Lo studio è stato condotto su 100 pazienti curati dall’ambulatorio pneumologico specialistico Post covid nella prima ondata della pandemia; gli stessi pazienti sono stati esaminati a 2 mesi e a 6 mesi dalla dimissione, al fine di valutare e studiare l’evoluzione radiologica della polmonite da Covid-19. Nel dettaglio. Due mesi dopo l’uscita dall’ospedale sono state eseguiti visita, prove di funzionalità respiratoria, test del cammino dei 6 mesi, ecografia polmonare e radiografia del torace. Dopo 6 mesi, invece, la valutazione ha incluso una Tc torace ad alta risoluzione.

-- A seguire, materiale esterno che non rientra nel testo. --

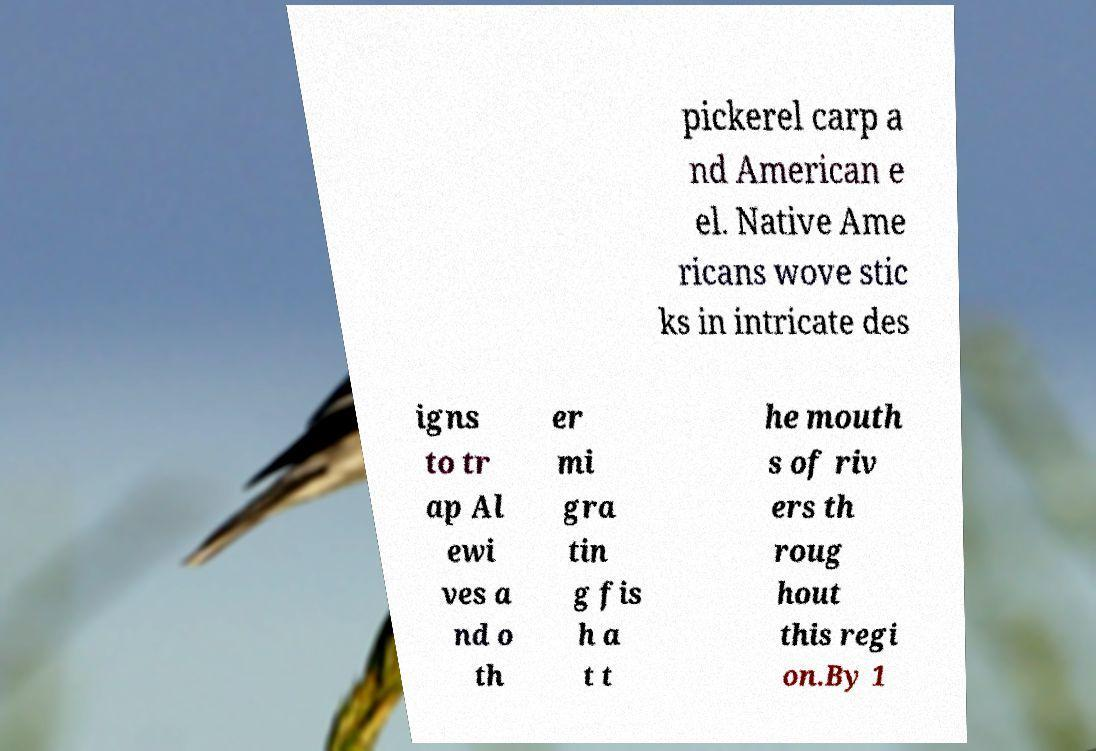Could you assist in decoding the text presented in this image and type it out clearly? pickerel carp a nd American e el. Native Ame ricans wove stic ks in intricate des igns to tr ap Al ewi ves a nd o th er mi gra tin g fis h a t t he mouth s of riv ers th roug hout this regi on.By 1 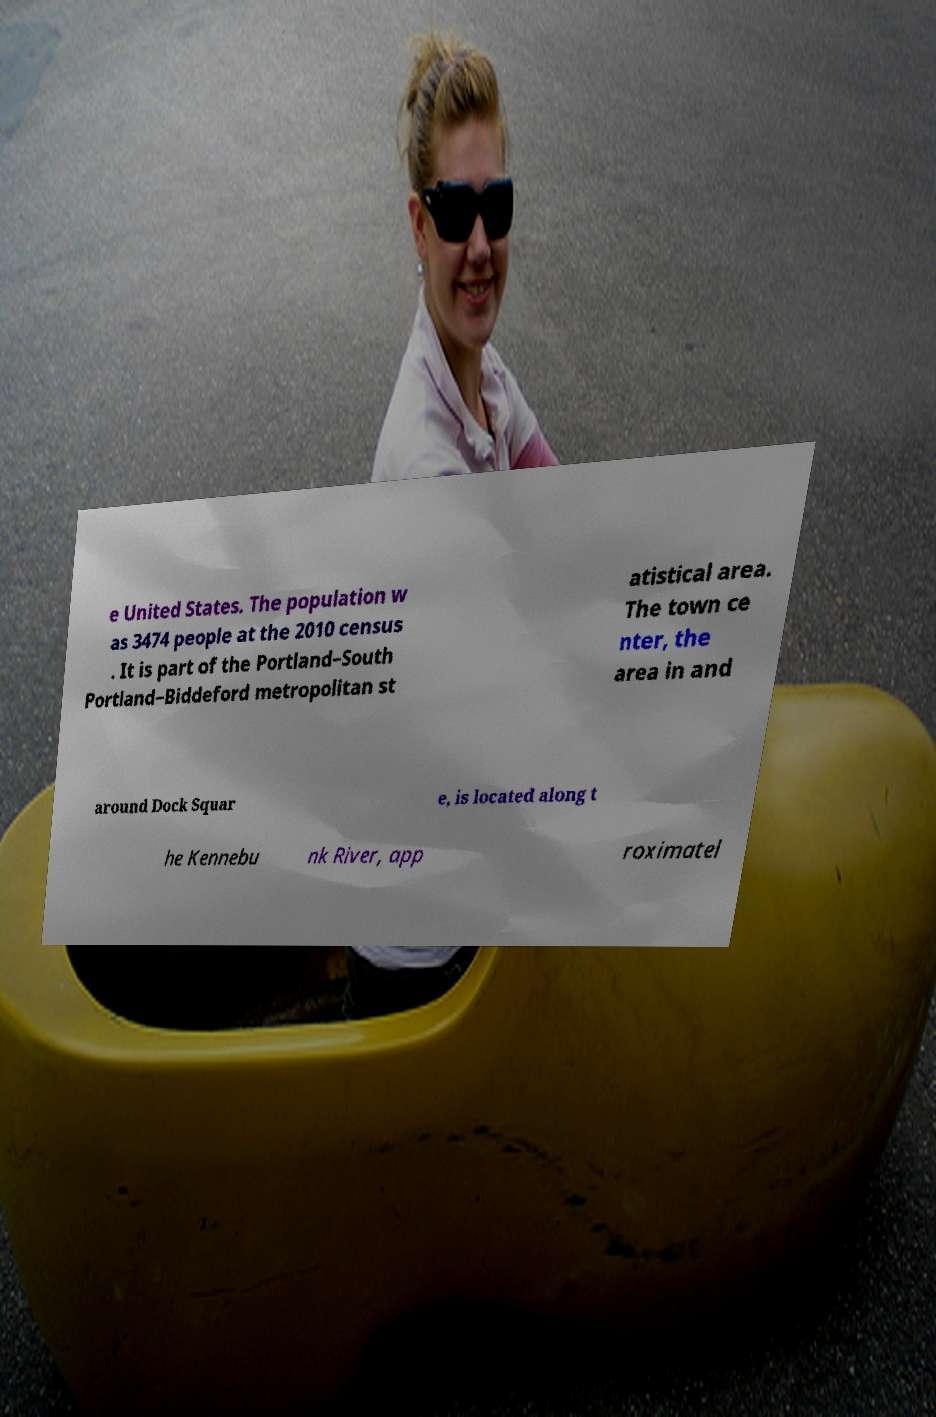Could you extract and type out the text from this image? e United States. The population w as 3474 people at the 2010 census . It is part of the Portland–South Portland–Biddeford metropolitan st atistical area. The town ce nter, the area in and around Dock Squar e, is located along t he Kennebu nk River, app roximatel

Dallo studio si rileva come le prove di funzionalità respiratorie documentano un significativo miglioramento da 2 a 6 mesi, mostrando nell’86% dei pazienti una spirometria nella norma dopo 6 mesi dalla dimissione. Il test del cammino dei 6 minuti, che valuta la tolleranza e la saturazione sotto sforzo, evidenzia che i pazienti colpiti dalle forme più gravi di polmonite interstiziale, dopo i 2 mesi dall’uscita dall’ospedale, percorrono distanze inferiori; dati che tendono a migliorare con il passare del tempo. I ricercatori sottolineano come per nessuno dei 100 pazienti la malattia da Covid è stata una semplice polmonite, ma una seria malattia che ha creato profonde ferite, nel corpo e nella mente, e cicatrici probabilmente indelebili.